“Making [Gluten Bread] is a fascinating lesson in what gluten does: the dough will resist you when you knead, will try to contract when you spread it out, but the resulting loaf is worth the battle.”
-James Beard, Beard on Bread
On Wednesday, I made Gluten Bread, which will go the list of bizarre bread recipes along with English Muffin Bread for Microwave Oven. The unique thing about Gluten Bread is that it uses gluten flour, which is typically added to whole-grain breads in small quantities to improve the texture.
Here are the ingredients:
I mixed my ingredients together and then attempted to knead the dough. Since the dough, quite literally, had the same texture as well-chewed gum, this proved to be a near impossible undertaking. It also had an unpleasant brown color that made it look dirty, and I think I would have had more success shaping a rubber tire into a loaf of bread than this dough.
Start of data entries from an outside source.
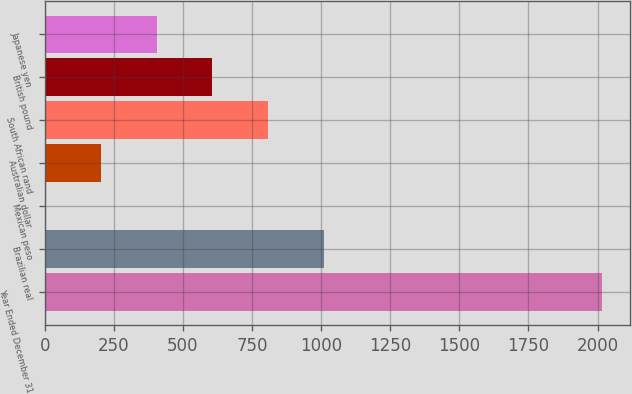Convert chart. <chart><loc_0><loc_0><loc_500><loc_500><bar_chart><fcel>Year Ended December 31<fcel>Brazilian real<fcel>Mexican peso<fcel>Australian dollar<fcel>South African rand<fcel>British pound<fcel>Japanese yen<nl><fcel>2017<fcel>1009.5<fcel>2<fcel>203.5<fcel>808<fcel>606.5<fcel>405<nl></chart> 
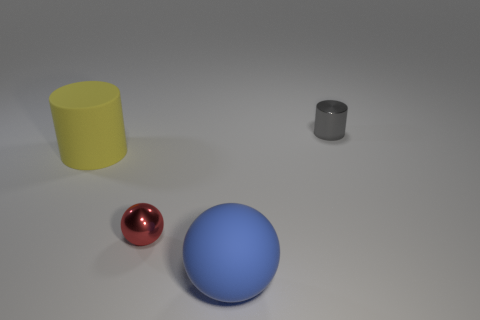What material is the thing that is in front of the metallic object that is on the left side of the small gray cylinder?
Your answer should be compact. Rubber. The other thing that is made of the same material as the large blue thing is what color?
Offer a very short reply. Yellow. There is a cylinder that is left of the large blue rubber thing; does it have the same size as the matte thing to the right of the metal ball?
Provide a succinct answer. Yes. What number of blocks are either yellow things or small gray things?
Provide a short and direct response. 0. Is the cylinder left of the blue object made of the same material as the large blue object?
Offer a very short reply. Yes. How many other things are the same size as the matte ball?
Provide a short and direct response. 1. What number of big things are either blue matte cylinders or red shiny objects?
Make the answer very short. 0. Are there more big objects that are to the left of the tiny red object than tiny gray shiny objects behind the large yellow rubber cylinder?
Your answer should be compact. No. Are there any other things that have the same color as the tiny sphere?
Provide a short and direct response. No. Are there more large cylinders on the left side of the small gray object than big red balls?
Keep it short and to the point. Yes.

Anyway, I finally formed what is most definitely the ugliest loaf that I have ever made, and let it rise for about an hour and a half.
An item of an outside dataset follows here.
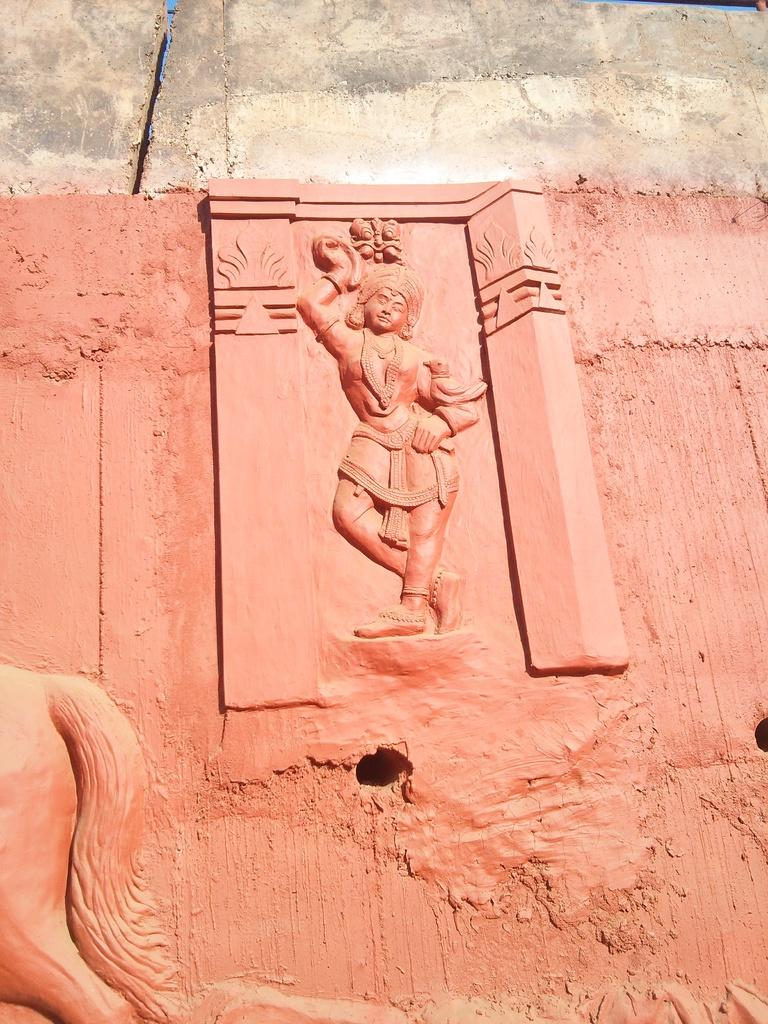What is present on the wall in the image? There are sculptures on the wall in the image. What is the condition of the wall? There are holes at the bottom of the wall. Can you see a tiger walking through the cemetery in the image? There is no tiger or cemetery present in the image.

See? I wasn’t kidding about the ugly thing.
The recipe instructed me to bake the bread at 350 degrees for 50 to 60 minutes. After 25 minutes, I noticed a burning smell and checked on the bread to find this:
I poked the bread with a knife to deflate some of air (at this point remembering that I was supposed to slash the top of the loaf before baking–oops) and used a heat resistant spatula to detach the dough from the broiler.
Before investing more effort into a loaf that was shaping up to be a disaster, I sampled a slice of gluten bread off of the end. It had the texture of a popover, assuming said popover is made of rubber. The taste wasn’t much better, and in fact was reminiscent of an eraser I ate as a child. Mike described it as tasting like “a cooked rubber band with a hint of industrial chemicals.”
Needless to say, I didn’t finish baking my loaf and tossed it in the garbage. I hate wasting food, but I honestly would not classify this bread as food. James Beard let me down with this one.